Abstract
Introduction: We recently proposed a luminous efficiency function, V*(λ), for 2° photopic viewing based on heterochromatic flicker photometric (HFP) measurements made under daylight (D65) adaptation (Sharpe, Stockman, Jagla, & Jägle, 2005). V*(λ), is defined as a linear combination of the Stockman & Sharpe (2000) long-wavelength sensitive (L-) and middle-wavelength sensitive (M-) cone fundamentals. However, the applicability of V*(λ) is limited to its measuring conditions, because the relative contributions of the L- and M-cones to luminous efficiency depend strongly on the state of chromatic adaptation. Here, we extend its applicability by characterizing its dependence on background chromaticity.
Methods: 25 Hz HFP matches were obtained in 6 genotyped male observers on 23 different 3.0 log10 photopic troland adapting fields (µ): 14 spectral ones (µ = 430 to 670 nm); 7 bichromatic mixtures (µ = 478 + 577 nm) that varied in luminance ratio; and 2 corresponding to CIE Illuminants A and D65 daylight. Each of the resulting 23 luminous efficiency functions, Vµ*(λ), was characterized as a best-fitting linear combination of the cone fundamentals, aL(λ) + M(µ), where a, the L-cone weighting factor, varies with µ, the effective background wavelength.
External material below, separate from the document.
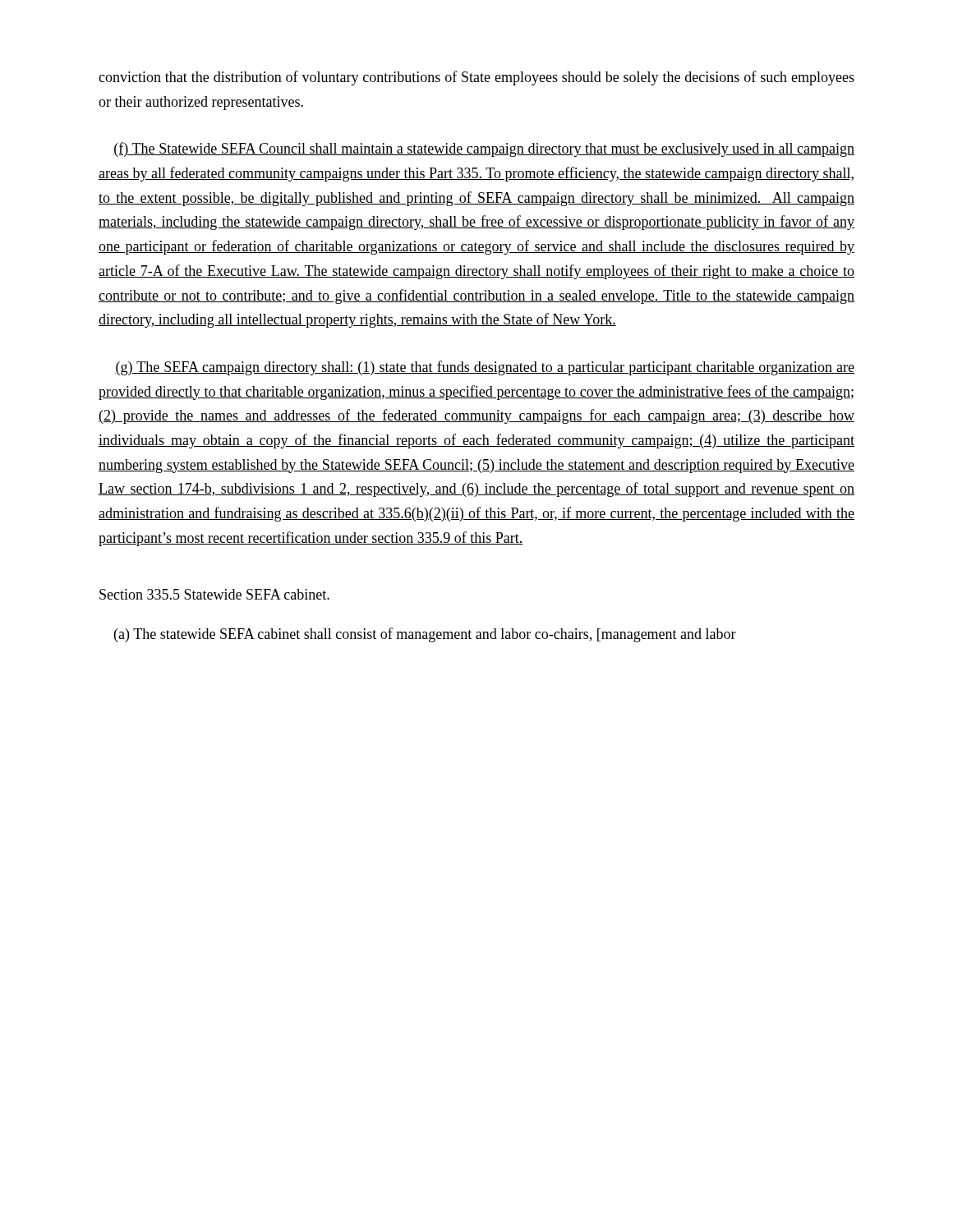
Task: Select the text block that reads "(a) The statewide SEFA"
Action: 417,634

Results: As expected, short-wavelength fields increase a, by decreasing the relative M-cone contribution, and long-wavelength fields decrease a, by decreasing the relative L-cone contribution. However, the changes in a are larger on short wavelengths fields and smaller on long-wavelengths ones than predicted from reciprocal sensitivity adjustment (Weber's Law). Shorter and longer wavelength chromatic fields both relatively suppress the M-cone contribution to Vµ*(λ) in excess of Weber's Law.
Conclusions: Our generalized model accounts for Weber's Law and the chromatic suppression of the M-cone contribution to Vµ*(λ). It allows a(µ), and therefore Vµ*(λ), to be predicted for a standard observer for any chromatic background of 1000 td.